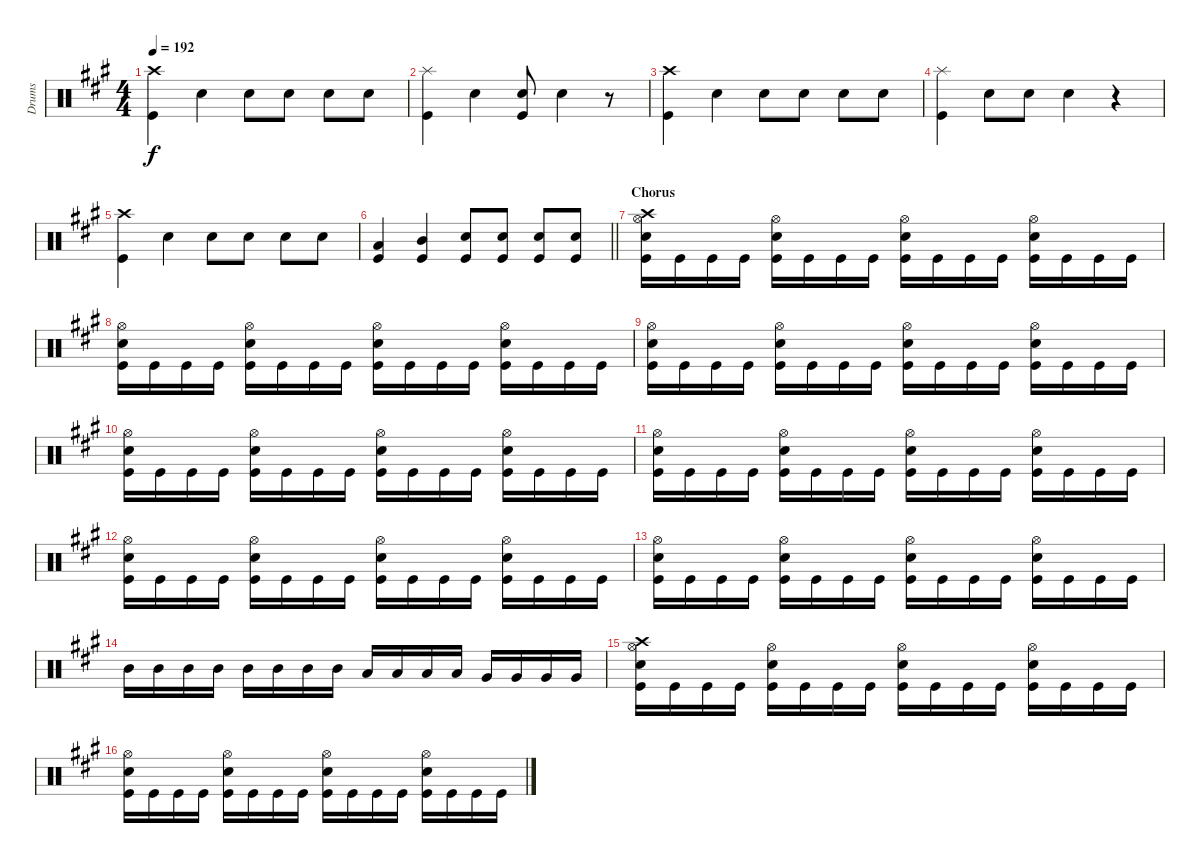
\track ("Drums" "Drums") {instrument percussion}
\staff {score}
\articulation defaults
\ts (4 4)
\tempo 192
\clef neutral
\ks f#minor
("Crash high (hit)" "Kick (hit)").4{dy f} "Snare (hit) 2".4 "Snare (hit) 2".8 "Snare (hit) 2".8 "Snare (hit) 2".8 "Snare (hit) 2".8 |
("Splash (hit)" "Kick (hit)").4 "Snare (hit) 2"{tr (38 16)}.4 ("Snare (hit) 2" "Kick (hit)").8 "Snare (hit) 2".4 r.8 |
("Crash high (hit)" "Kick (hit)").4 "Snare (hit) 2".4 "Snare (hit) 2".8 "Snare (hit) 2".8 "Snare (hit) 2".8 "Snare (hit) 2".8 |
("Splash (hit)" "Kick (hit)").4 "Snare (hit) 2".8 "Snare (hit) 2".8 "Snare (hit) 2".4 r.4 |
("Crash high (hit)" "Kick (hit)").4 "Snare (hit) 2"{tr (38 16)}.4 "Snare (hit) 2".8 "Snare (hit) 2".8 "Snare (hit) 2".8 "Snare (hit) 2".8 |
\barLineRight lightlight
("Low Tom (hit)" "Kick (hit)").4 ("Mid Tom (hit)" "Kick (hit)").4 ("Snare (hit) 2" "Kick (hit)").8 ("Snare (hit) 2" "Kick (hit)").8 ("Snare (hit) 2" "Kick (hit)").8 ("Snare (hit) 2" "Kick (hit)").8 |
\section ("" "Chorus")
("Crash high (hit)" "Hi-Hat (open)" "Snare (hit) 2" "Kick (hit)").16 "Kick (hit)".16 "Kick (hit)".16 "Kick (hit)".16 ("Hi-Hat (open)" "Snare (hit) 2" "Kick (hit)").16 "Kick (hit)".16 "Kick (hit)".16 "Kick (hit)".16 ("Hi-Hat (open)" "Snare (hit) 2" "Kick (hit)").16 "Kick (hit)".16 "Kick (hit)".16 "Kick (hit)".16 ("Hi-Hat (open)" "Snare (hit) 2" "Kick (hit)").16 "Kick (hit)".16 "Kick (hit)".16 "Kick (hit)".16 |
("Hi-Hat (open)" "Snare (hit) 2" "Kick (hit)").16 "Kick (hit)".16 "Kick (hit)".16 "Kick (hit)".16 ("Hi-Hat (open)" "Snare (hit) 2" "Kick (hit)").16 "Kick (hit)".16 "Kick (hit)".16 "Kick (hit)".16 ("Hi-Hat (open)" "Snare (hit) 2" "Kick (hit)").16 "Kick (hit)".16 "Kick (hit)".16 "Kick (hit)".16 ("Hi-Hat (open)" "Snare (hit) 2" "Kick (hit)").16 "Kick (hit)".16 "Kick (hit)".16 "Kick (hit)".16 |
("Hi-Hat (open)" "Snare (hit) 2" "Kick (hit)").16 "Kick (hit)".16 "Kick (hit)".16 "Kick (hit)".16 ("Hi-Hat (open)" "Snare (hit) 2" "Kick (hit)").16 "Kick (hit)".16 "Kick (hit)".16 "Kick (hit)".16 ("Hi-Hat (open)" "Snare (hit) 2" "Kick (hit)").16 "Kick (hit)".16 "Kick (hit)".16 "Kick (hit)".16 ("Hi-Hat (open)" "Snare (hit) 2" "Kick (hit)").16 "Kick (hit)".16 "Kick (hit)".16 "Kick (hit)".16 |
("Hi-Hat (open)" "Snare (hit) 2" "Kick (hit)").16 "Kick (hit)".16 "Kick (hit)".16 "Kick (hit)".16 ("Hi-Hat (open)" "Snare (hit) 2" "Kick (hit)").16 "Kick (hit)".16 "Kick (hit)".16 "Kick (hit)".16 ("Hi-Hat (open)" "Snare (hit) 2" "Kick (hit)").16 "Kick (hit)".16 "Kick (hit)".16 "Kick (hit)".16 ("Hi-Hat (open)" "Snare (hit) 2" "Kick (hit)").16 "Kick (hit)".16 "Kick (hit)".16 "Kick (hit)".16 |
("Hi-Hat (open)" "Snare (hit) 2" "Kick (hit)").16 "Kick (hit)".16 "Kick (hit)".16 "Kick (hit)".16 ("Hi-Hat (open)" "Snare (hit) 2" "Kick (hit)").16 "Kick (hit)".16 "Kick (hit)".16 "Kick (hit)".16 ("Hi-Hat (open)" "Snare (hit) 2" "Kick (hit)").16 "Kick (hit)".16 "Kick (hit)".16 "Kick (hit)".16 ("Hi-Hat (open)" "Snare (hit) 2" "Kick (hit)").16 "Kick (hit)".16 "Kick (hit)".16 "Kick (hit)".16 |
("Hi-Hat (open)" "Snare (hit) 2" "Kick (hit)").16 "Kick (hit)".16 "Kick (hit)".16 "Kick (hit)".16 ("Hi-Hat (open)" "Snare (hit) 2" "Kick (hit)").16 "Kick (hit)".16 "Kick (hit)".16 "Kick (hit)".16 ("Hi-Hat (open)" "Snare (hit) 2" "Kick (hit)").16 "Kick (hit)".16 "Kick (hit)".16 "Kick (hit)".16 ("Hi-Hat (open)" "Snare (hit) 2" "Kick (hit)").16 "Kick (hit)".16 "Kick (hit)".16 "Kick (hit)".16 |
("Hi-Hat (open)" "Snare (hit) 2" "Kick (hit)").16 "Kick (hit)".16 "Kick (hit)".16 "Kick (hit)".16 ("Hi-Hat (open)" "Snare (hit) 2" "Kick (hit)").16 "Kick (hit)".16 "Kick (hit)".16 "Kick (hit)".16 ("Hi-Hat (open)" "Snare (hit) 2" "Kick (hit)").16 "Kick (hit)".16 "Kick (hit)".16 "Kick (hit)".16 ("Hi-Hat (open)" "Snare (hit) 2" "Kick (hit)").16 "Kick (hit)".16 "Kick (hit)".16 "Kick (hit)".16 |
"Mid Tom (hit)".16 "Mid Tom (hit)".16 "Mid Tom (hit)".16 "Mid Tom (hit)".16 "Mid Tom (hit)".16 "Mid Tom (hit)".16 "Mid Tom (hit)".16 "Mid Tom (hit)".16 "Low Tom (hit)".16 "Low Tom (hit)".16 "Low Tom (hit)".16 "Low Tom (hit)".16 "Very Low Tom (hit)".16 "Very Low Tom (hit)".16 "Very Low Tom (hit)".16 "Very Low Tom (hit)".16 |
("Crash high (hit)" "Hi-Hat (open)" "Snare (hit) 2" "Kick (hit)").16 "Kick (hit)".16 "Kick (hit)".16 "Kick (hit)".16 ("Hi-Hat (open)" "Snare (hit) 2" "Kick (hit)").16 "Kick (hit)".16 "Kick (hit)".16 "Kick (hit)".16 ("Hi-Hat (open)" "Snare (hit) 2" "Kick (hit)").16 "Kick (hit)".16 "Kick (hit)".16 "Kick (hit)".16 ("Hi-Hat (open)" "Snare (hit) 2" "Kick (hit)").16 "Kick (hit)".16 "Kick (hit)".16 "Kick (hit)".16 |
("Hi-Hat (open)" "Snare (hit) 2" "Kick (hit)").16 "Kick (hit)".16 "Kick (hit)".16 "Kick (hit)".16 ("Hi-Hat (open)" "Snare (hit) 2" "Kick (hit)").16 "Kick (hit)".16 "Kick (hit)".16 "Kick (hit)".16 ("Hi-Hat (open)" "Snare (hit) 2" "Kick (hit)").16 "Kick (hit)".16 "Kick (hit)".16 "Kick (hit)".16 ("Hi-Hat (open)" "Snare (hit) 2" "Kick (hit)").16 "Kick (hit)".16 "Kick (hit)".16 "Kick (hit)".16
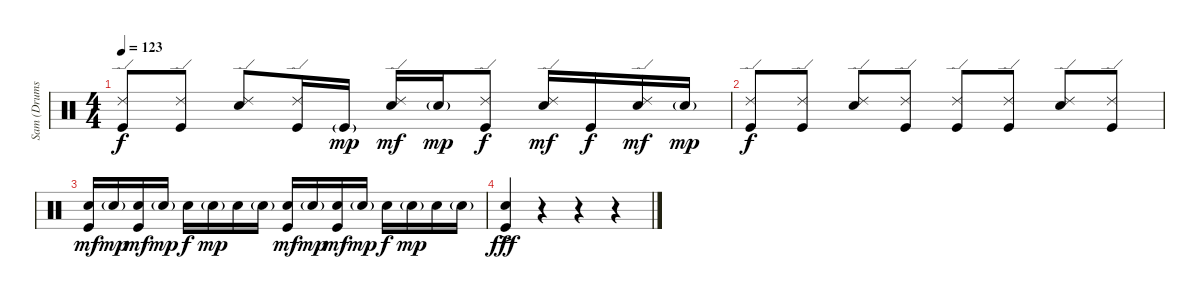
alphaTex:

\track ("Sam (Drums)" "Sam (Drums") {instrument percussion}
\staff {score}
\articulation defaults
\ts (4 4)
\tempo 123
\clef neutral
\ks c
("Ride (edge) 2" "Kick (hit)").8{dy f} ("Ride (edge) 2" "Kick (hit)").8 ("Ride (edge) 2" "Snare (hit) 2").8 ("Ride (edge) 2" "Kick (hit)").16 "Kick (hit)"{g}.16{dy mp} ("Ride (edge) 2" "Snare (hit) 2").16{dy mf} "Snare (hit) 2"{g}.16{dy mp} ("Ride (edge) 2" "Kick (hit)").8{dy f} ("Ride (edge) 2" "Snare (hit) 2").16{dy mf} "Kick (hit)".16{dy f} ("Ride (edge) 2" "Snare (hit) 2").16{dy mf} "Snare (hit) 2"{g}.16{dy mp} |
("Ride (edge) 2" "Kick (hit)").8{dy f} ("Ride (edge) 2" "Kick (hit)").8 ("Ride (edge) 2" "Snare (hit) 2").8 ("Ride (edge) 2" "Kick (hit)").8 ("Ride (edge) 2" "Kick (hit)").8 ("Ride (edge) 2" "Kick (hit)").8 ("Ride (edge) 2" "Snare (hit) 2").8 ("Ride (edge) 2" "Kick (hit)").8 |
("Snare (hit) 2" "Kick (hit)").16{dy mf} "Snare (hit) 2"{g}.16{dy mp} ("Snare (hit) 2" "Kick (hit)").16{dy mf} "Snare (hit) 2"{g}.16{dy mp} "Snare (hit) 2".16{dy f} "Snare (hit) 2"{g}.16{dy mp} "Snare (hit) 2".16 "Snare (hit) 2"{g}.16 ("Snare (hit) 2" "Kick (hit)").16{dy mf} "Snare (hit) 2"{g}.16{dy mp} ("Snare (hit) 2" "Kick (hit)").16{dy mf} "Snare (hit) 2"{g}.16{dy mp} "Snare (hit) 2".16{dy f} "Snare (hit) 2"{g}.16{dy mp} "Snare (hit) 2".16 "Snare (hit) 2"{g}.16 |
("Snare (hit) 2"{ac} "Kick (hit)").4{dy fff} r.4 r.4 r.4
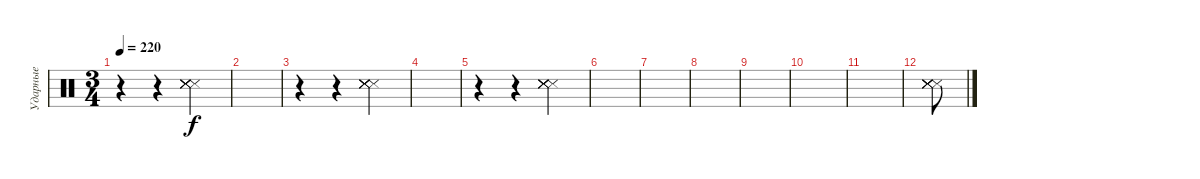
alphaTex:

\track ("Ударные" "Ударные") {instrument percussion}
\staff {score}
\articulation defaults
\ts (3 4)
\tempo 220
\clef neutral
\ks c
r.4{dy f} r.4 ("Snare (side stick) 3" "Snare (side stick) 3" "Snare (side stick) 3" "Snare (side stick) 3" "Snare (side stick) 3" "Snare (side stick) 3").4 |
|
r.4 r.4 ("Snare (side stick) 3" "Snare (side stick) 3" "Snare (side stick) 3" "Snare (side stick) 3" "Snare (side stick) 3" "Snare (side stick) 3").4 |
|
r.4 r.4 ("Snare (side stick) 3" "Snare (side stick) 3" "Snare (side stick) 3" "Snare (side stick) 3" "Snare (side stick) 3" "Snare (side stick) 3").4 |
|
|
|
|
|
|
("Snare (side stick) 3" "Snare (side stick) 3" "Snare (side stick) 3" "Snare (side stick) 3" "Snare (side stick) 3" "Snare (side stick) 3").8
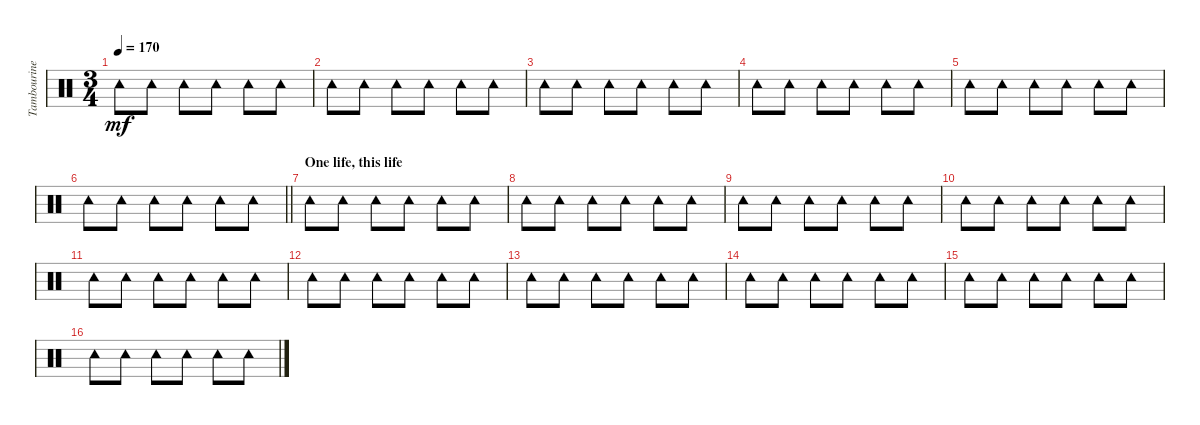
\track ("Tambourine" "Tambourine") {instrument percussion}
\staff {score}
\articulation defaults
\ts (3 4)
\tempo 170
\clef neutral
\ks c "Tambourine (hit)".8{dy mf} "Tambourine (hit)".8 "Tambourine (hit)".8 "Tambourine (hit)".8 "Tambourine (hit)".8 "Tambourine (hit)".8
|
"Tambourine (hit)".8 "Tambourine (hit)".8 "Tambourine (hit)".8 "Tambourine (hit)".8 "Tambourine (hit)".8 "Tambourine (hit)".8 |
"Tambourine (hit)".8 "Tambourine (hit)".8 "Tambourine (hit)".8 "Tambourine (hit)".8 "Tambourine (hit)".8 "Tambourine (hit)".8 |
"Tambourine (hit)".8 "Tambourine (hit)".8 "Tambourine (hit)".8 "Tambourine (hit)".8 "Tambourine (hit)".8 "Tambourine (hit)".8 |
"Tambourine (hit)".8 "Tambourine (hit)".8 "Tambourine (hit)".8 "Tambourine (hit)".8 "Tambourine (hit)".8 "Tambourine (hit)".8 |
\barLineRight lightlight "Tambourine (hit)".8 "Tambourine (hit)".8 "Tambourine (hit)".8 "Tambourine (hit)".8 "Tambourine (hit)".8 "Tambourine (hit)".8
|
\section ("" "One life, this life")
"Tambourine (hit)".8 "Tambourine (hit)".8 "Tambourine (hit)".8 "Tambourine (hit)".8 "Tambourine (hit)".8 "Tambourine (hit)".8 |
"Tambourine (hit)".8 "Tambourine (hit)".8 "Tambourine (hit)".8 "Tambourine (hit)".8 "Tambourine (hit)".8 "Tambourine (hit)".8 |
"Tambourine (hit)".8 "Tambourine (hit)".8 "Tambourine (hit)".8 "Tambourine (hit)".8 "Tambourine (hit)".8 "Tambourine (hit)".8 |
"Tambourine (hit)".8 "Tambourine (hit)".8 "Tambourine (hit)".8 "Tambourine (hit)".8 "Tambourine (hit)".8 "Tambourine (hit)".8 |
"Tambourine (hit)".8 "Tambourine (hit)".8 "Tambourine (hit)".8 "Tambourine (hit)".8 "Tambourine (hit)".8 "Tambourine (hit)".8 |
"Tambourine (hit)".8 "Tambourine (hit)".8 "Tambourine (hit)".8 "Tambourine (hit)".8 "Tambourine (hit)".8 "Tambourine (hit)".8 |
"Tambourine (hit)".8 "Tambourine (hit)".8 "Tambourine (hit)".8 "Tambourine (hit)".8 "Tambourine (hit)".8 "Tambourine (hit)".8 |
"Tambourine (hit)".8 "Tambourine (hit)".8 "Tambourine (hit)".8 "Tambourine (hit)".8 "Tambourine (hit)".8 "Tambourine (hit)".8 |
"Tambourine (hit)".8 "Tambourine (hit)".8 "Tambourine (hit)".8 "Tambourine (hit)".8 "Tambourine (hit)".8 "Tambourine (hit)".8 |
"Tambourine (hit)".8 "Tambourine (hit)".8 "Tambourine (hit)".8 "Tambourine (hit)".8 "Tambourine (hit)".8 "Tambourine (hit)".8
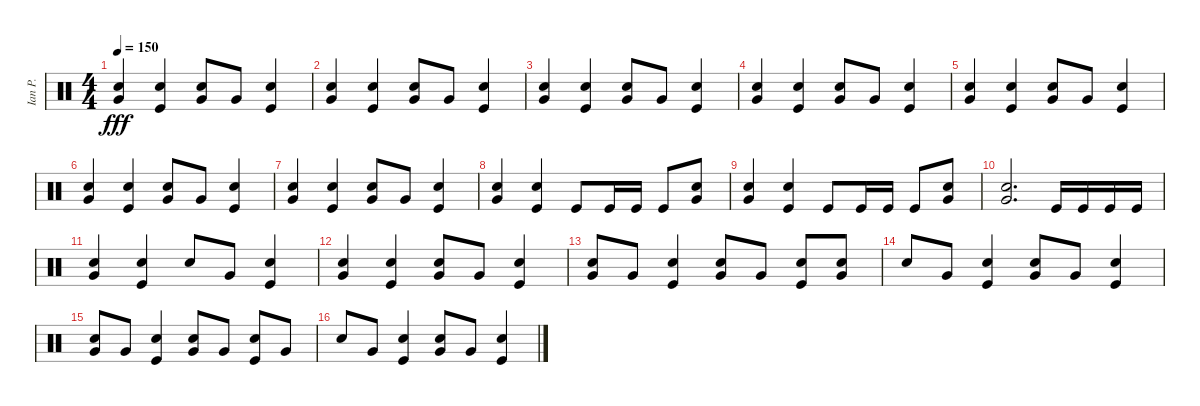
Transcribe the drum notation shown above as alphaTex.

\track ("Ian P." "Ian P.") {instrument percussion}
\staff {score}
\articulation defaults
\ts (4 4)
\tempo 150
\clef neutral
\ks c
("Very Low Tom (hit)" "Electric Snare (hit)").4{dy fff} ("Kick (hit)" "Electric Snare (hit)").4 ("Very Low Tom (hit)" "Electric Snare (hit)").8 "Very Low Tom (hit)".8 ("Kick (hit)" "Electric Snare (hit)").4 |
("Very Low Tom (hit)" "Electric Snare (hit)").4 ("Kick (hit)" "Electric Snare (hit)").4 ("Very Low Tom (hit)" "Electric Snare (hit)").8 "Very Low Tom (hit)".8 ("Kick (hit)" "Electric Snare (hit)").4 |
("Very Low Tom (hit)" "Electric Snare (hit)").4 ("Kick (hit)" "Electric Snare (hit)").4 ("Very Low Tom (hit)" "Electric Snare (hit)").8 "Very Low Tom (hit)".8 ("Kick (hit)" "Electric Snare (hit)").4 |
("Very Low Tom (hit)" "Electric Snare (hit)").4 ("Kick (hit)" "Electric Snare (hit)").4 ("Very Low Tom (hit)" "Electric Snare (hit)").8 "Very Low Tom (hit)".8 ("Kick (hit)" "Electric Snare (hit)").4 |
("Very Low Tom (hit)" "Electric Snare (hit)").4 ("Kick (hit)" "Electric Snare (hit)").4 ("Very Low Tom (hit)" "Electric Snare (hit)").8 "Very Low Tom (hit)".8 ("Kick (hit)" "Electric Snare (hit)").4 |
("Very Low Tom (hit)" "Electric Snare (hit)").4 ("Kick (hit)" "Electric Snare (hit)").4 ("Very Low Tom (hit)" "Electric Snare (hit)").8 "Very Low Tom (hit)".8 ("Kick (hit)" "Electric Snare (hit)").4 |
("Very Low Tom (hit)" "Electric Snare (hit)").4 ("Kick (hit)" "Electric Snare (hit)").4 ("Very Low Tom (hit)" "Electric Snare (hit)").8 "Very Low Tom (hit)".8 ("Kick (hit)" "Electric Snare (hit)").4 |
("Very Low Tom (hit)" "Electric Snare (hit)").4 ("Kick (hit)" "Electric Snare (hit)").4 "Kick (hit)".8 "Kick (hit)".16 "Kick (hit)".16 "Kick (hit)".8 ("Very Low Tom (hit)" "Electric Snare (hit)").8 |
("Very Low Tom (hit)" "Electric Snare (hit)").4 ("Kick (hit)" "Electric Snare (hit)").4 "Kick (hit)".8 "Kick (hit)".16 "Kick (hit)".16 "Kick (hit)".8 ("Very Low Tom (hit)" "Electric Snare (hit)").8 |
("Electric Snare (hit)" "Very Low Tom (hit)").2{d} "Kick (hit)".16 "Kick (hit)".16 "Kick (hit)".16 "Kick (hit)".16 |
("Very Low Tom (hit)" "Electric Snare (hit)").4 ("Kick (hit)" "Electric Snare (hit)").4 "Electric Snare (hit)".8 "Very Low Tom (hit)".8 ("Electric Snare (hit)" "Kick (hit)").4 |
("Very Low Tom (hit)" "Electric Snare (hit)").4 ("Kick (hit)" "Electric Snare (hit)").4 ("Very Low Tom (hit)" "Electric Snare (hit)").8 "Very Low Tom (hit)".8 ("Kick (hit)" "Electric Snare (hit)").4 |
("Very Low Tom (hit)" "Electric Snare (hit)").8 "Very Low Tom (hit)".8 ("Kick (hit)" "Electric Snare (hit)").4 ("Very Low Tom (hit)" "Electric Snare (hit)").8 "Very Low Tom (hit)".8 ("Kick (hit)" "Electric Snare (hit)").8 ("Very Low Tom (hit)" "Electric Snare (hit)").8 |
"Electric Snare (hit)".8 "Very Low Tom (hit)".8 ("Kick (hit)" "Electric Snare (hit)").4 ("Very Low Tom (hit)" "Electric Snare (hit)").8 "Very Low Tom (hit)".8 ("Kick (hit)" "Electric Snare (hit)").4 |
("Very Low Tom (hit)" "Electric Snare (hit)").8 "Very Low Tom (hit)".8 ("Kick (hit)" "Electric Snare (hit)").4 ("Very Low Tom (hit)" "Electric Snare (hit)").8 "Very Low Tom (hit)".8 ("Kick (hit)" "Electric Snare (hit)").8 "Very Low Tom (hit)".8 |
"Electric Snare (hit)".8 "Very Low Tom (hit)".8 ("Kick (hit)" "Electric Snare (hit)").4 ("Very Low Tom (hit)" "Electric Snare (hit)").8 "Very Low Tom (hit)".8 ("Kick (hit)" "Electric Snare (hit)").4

- Required action:
All lines that include the word "Splash" must be copied from the material above.

- Your response:
("Splash (hit)" "Kick (hit)").4 "Snare (hit) 2"{tr (38 16)}.4 ("Snare (hit) 2" "Kick (hit)").8 "Snare (hit) 2".4 r.8 |
("Splash (hit)" "Kick (hit)").4 "Snare (hit) 2".8 "Snare (hit) 2".8 "Snare (hit) 2".4 r.4 |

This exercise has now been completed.